### Task directions
Leave the images out and write out each entry exactly as shown.

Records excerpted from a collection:
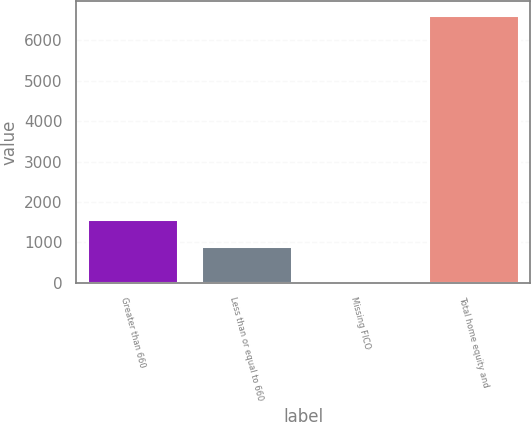Convert chart. <chart><loc_0><loc_0><loc_500><loc_500><bar_chart><fcel>Greater than 660<fcel>Less than or equal to 660<fcel>Missing FICO<fcel>Total home equity and<nl><fcel>1578.9<fcel>920<fcel>49<fcel>6638<nl></chart> 
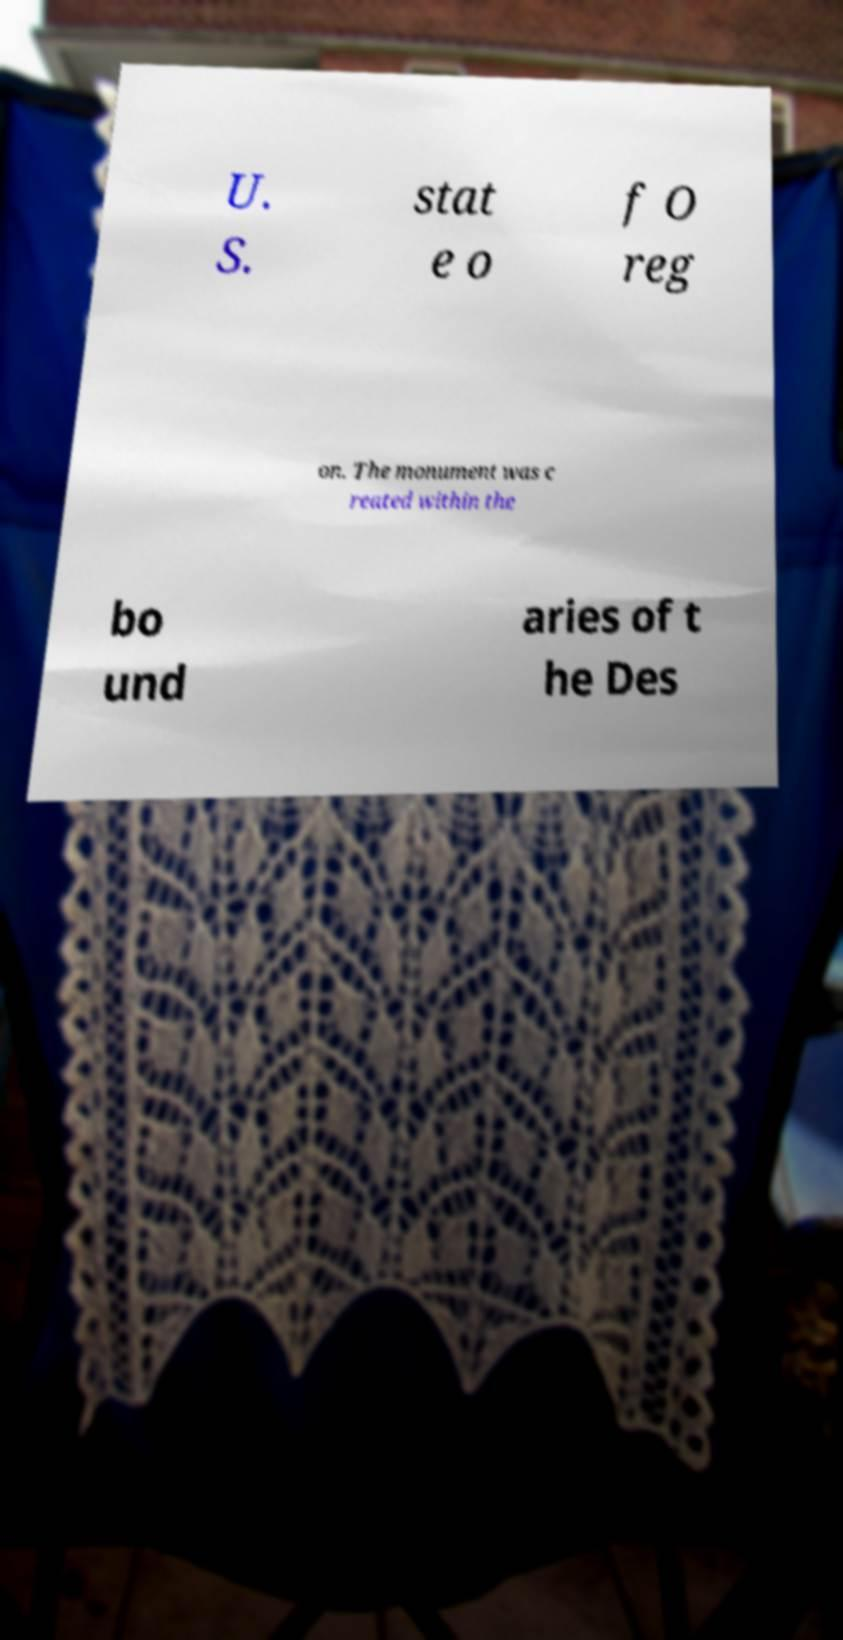Could you extract and type out the text from this image? U. S. stat e o f O reg on. The monument was c reated within the bo und aries of t he Des 
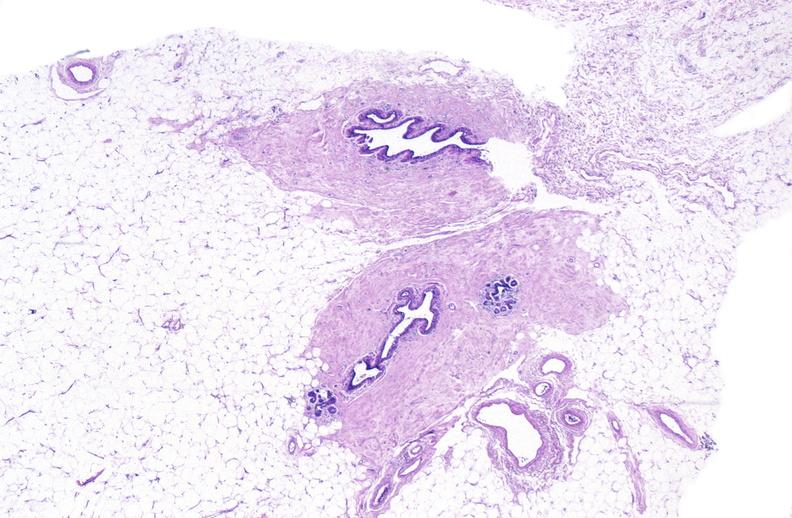what does this image show?
Answer the question using a single word or phrase. Normal breast 
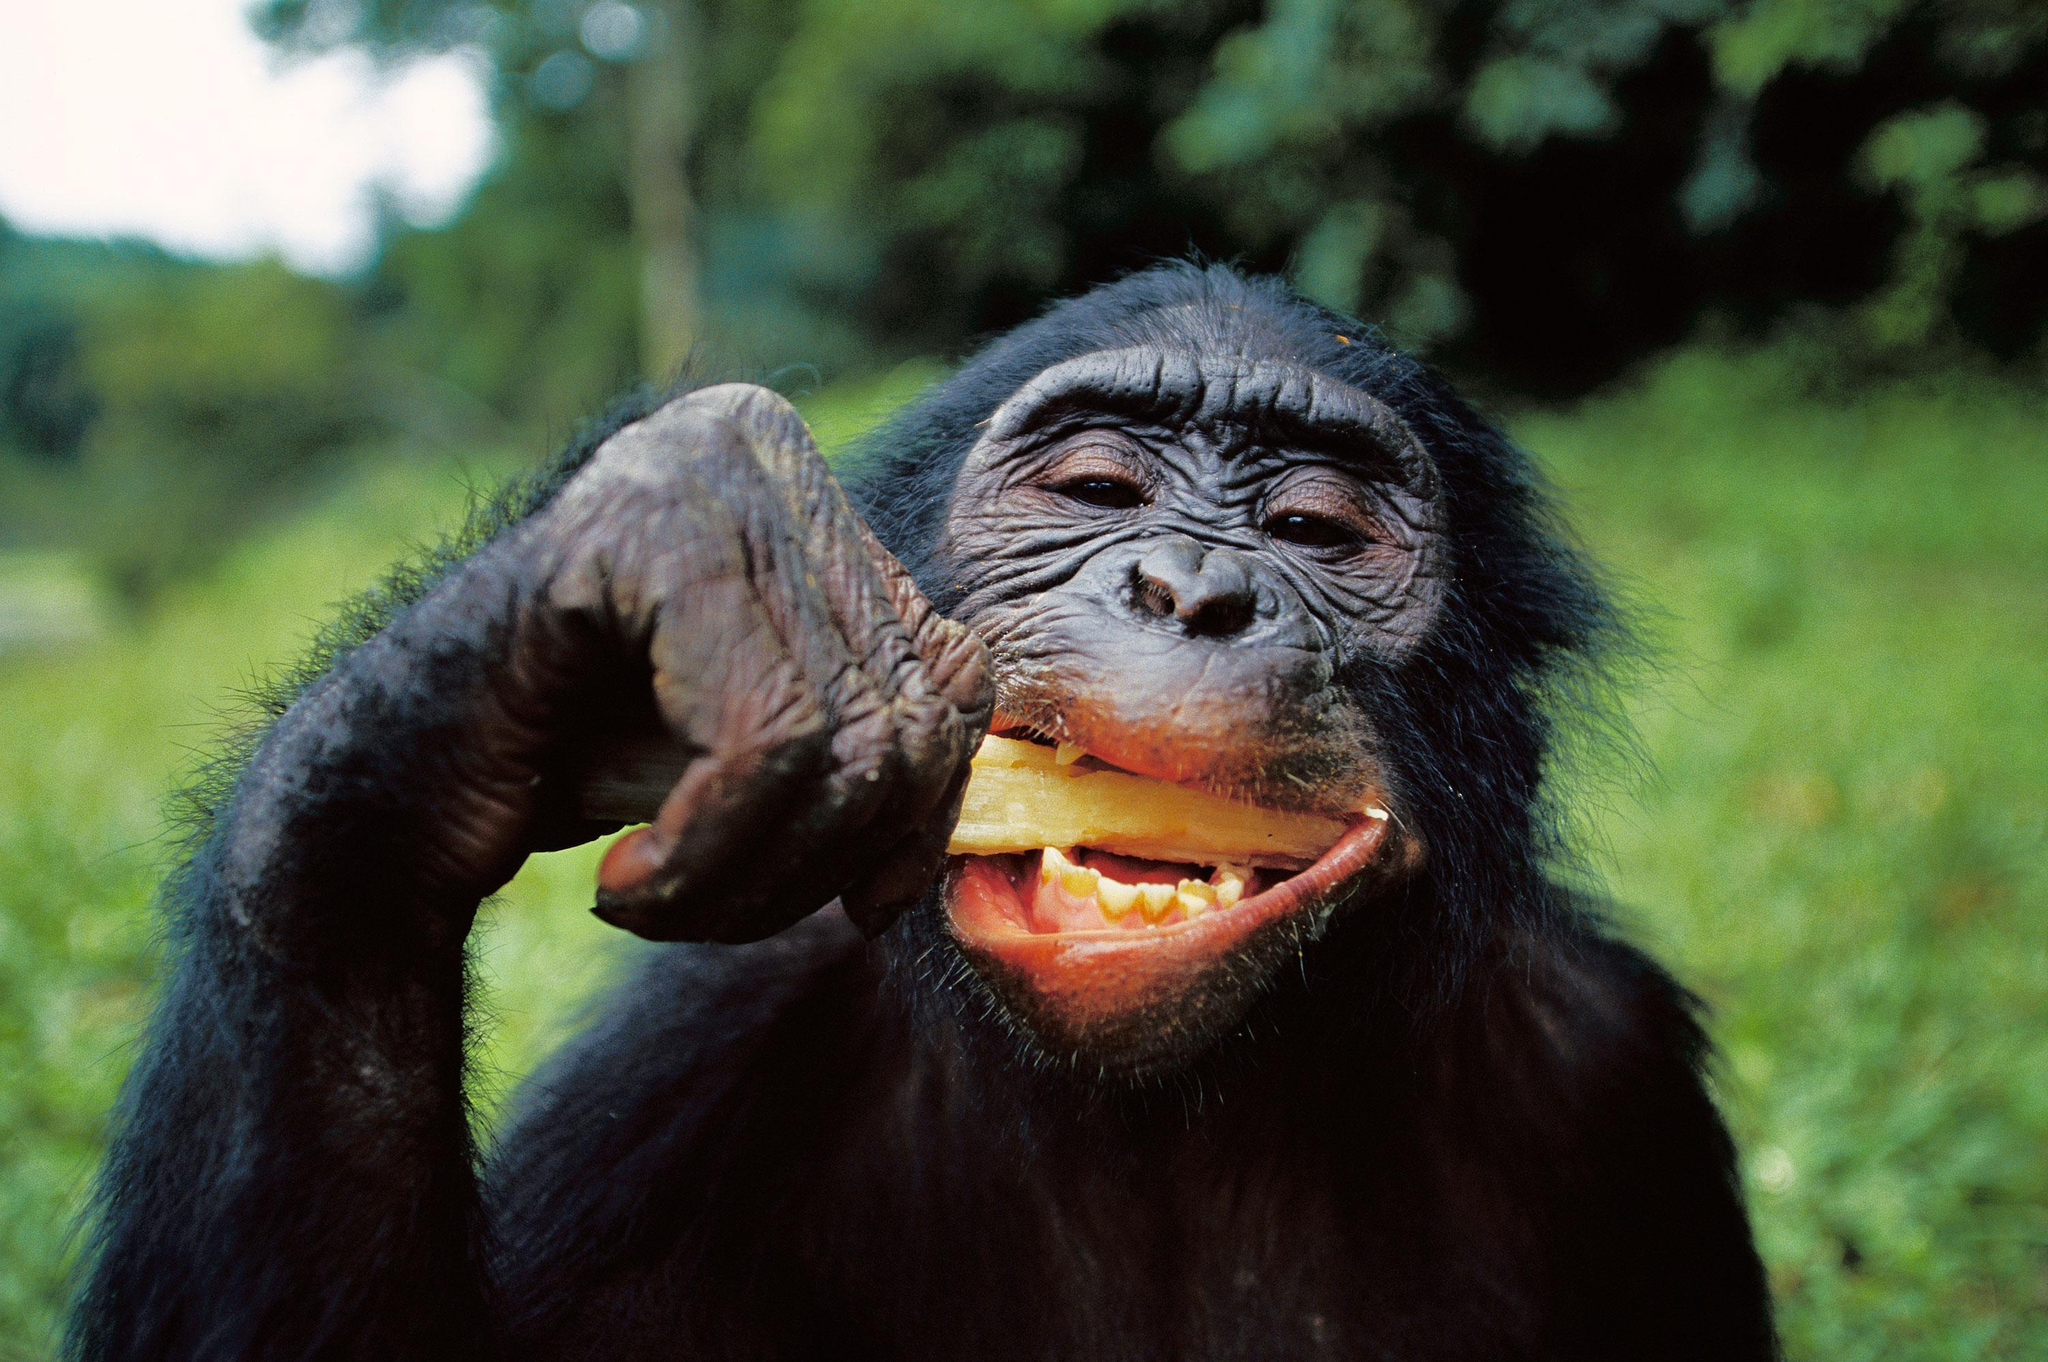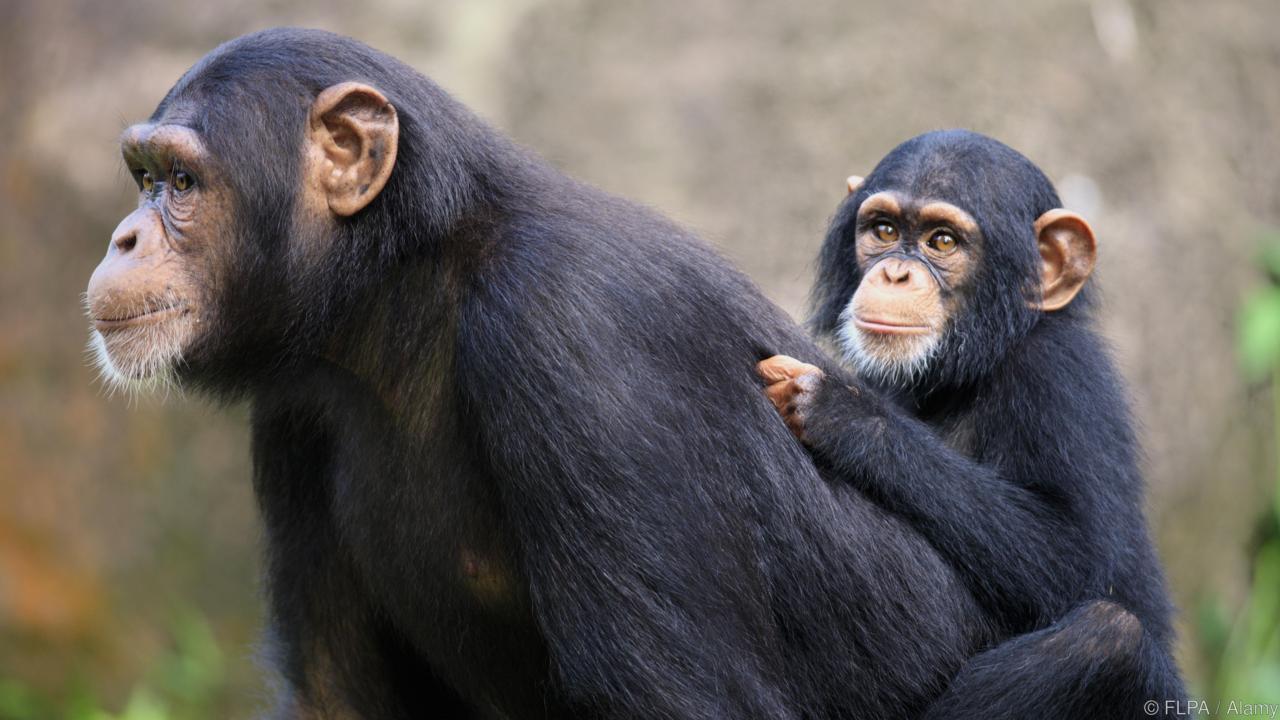The first image is the image on the left, the second image is the image on the right. Evaluate the accuracy of this statement regarding the images: "The monkey in one of the images is opening its mouth to reveal teeth.". Is it true? Answer yes or no. Yes. The first image is the image on the left, the second image is the image on the right. Considering the images on both sides, is "Each image shows one forward-facing young chimp with a light-colored face and ears that protrude." valid? Answer yes or no. No. 
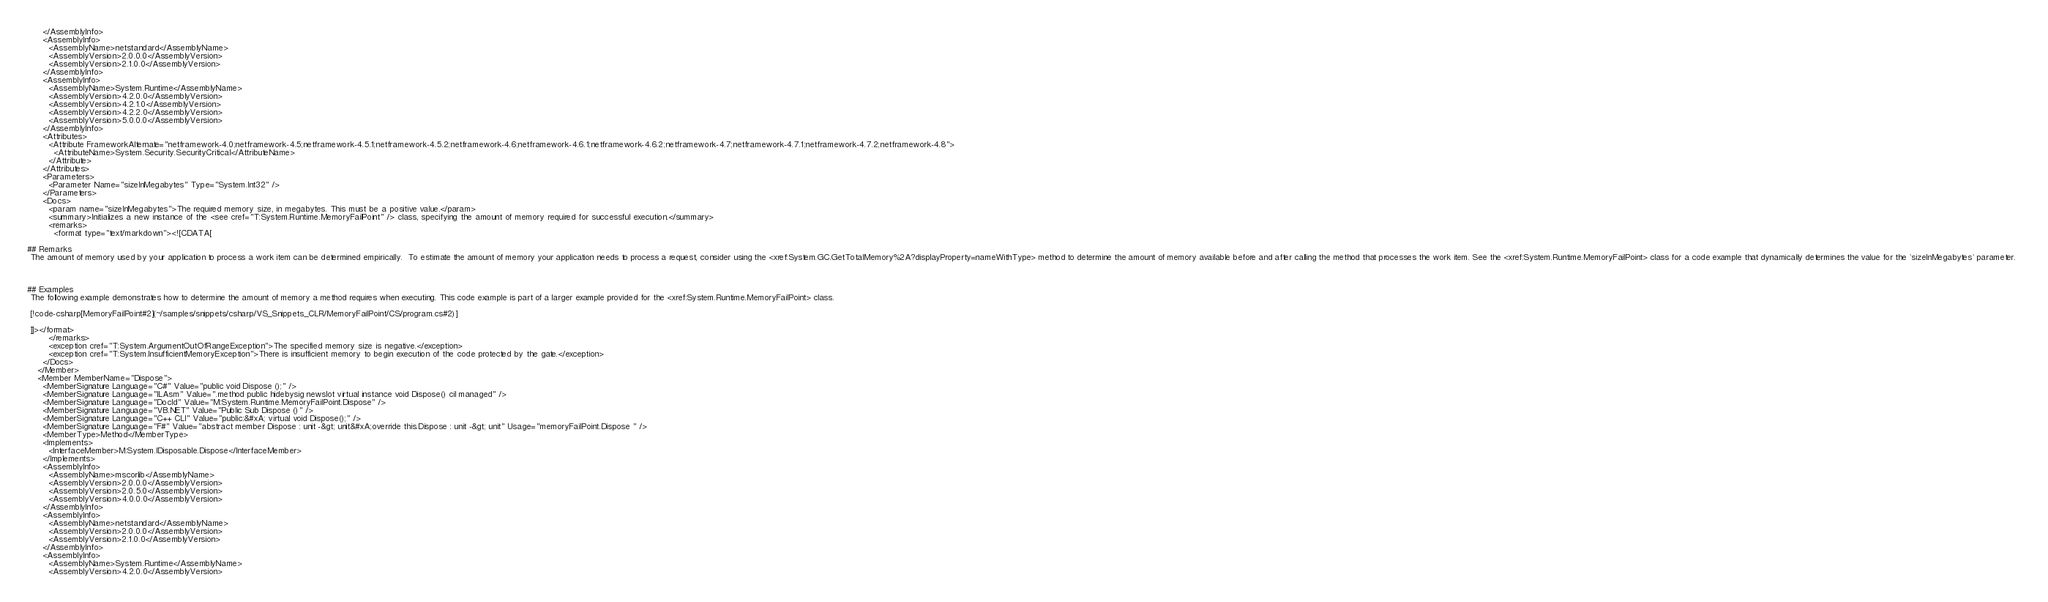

### Exercise response
Convert chart. <chart><loc_0><loc_0><loc_500><loc_500><bar_chart><fcel>Greater than 660<fcel>Less than or equal to 660<fcel>Missing FICO<fcel>Total home equity and<nl><fcel>1578.9<fcel>920<fcel>49<fcel>6638<nl></chart> 
Could you extract and type out the text from this image? U. S. stat e o f O reg on. The monument was c reated within the bo und aries of t he Des 
what does this image show?
Answer the question using a single word or phrase. Normal breast 
The first image is the image on the left, the second image is the image on the right. Evaluate the accuracy of this statement regarding the images: "The monkey in one of the images is opening its mouth to reveal teeth.". Is it true? Answer yes or no. Yes. The first image is the image on the left, the second image is the image on the right. Considering the images on both sides, is "Each image shows one forward-facing young chimp with a light-colored face and ears that protrude." valid? Answer yes or no. No. 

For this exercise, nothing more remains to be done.